Propel your business with the most advanced metals 3D printing technology for mass production

For more than 30 years, HP inkjet technologies have disrupted and led a broad range of printing markets. In 2014, HP introduced a revolutionary 3D printing technology for plastics: HP Multi Jet Fusion.2 HP Multi Jet Fusion places drops of functional liquid agents onto a powder bed to control the physical properties and features of plastic parts point-bypoint. It leverages HP’s deep assets in imaging and printing to take the digital transformation of printing off the page and into a three-dimensional world of highly-functional, high-value manufactured items.

HP Multi Jet Fusion offers high build quality, speed, and at the lowest cost relative to competitive 3D printing solutions in the marketplace today.2 These breakthroughs in quality and speed will accelerate the adoption of 3D printing to create a digital transformation of manufacturing as widespread and profound as the way HP Thermal Inkjet changed the landscape of conventional printing markets and applications. As with other HP products, HP Jet Fusion 3D printers offer users HP’s key values of reliability, ease of use, versatility, and an end-to-end digital workflow.

HP Metal Jet leverages and extends the workflows and technologies that HP developed for printing 3D plastics into metals with new functional agents, processes, and printing hardware.

HP Metal Jet solutions break through the economic, design, and time constraints of traditional methods for metal part production while delivering quality, productivity, and cost beyond the capabilities of existing 3D printing technologies for metals.3

Using HP Thermal Inkjet to precisely deliver HP Binding Agent to a powder metal bed and industry-standard metal injection molding (MIM) metal powders for low cost, HP Metal Jet is a binder jet technology that features:

• Multiple parts produced at the same time, or large parts, in a powder bed 430 x 320 x 200 mm (16.9 x 12.6 x 7.9 in).

• Parts can be arranged freely in multiple levels in the powder bed to optimize packing density, productivity, and cost.

• No build plate required, compared with selective laser melting (SLM).

• Low-cost, high-quality final parts for serial production up to 100,000 parts.

• Best-in-class price-productivity.

• 1200 x 1200 dpi addressability in a layer 50 to 100 microns thick.

• Finished parts with isotropic properties that meet or exceed ASTM and MPIF Standards.

• High reusability of materials can reduce materials cost and waste without compromising part quality.

• Density after sintering > 93%, similar to MIM.

With a design and technology foundation proven in generations of HP’s commercial and industrial printing solutions, HP

Multi Jet Fusion and HP Metal Jet printers deliver industrial productivity with reliable, consistent, and repeatable results.

Whereas manufacturing by milling, grinding, and cutting removes material from a workpiece, additive manufacturing—“3D printing”—is a digital technology that creates objects by selective material addition.

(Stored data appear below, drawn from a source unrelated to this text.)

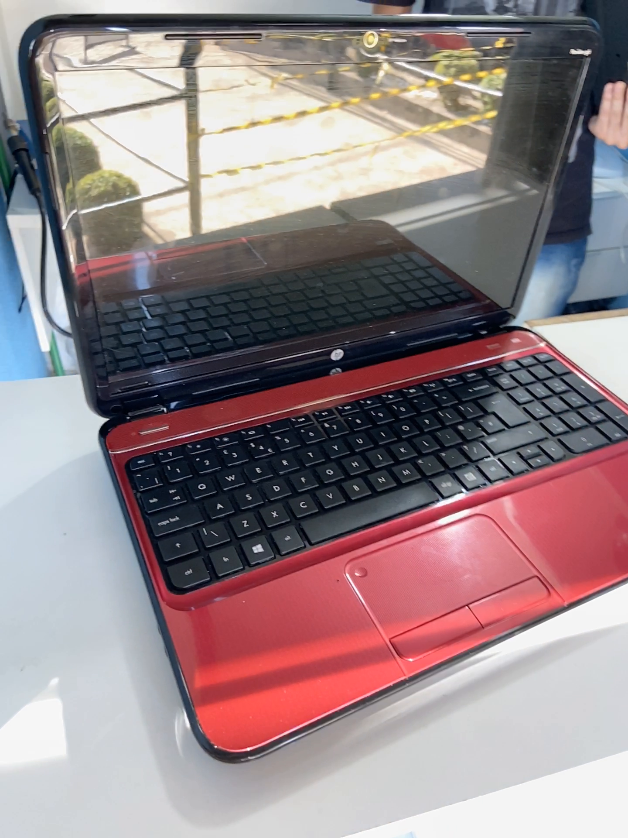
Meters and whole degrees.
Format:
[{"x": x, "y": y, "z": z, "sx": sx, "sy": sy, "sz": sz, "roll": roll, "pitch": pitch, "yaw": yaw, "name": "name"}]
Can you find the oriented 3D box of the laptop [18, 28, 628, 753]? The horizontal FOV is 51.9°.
[{"x": 0.074, "y": -0.057, "z": 0.343, "sx": 0.357, "sy": 0.220, "sz": 0.228, "roll": -15, "pitch": 42, "yaw": -21, "name": "laptop"}]
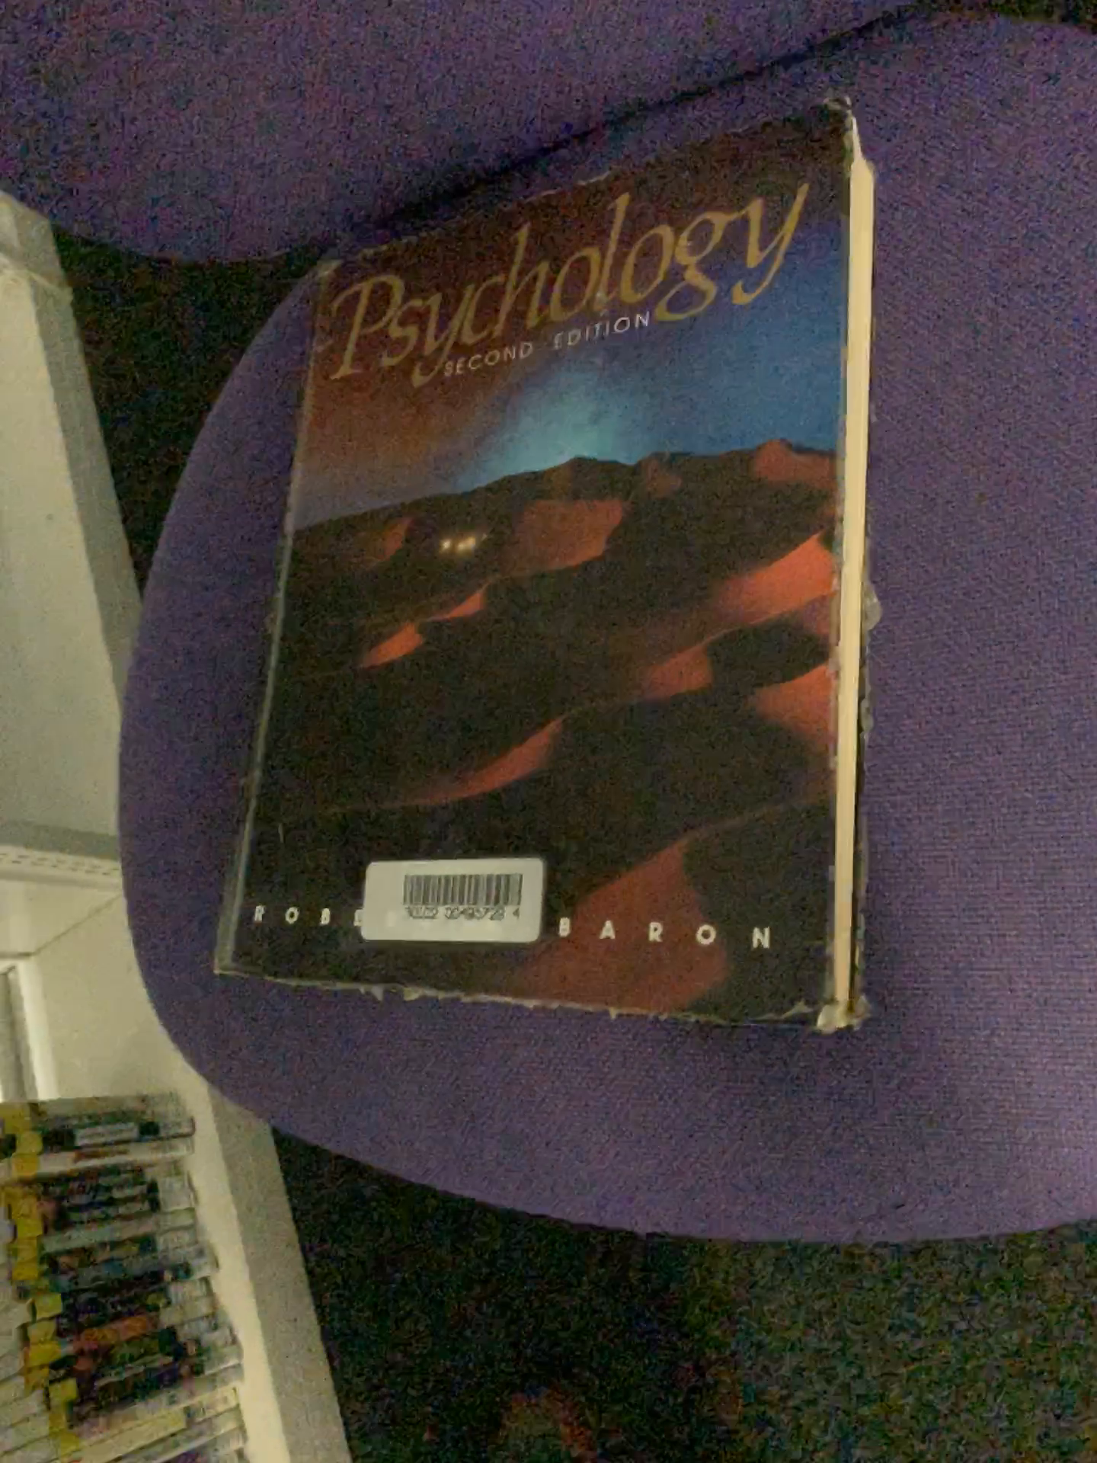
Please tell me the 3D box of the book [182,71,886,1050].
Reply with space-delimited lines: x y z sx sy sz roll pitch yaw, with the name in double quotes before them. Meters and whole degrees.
"book" -0.009 -0.050 0.379 0.231 0.040 0.280 -3 76 30

This allows each 3D-printed part to be unique in the same way that each page printed by an inkjet or laser printer can have unique content. 100% variable content page to page and part to part is a capability that digital technologies bring to 2D and 3D printing.

Prime applications for 3D-printed metal parts include the functional and aesthetic components for automotive, medical, industrial, and 3Cs (computers, cellphones, and consumer electronics). These parts—with complex internal and external geometries—can be produced in runs of 1000s or can be customized, high-value one-of-a-kind products.

3D metal printing is targeted to compete with metal injection molding, investment casting, and press and sinter processes.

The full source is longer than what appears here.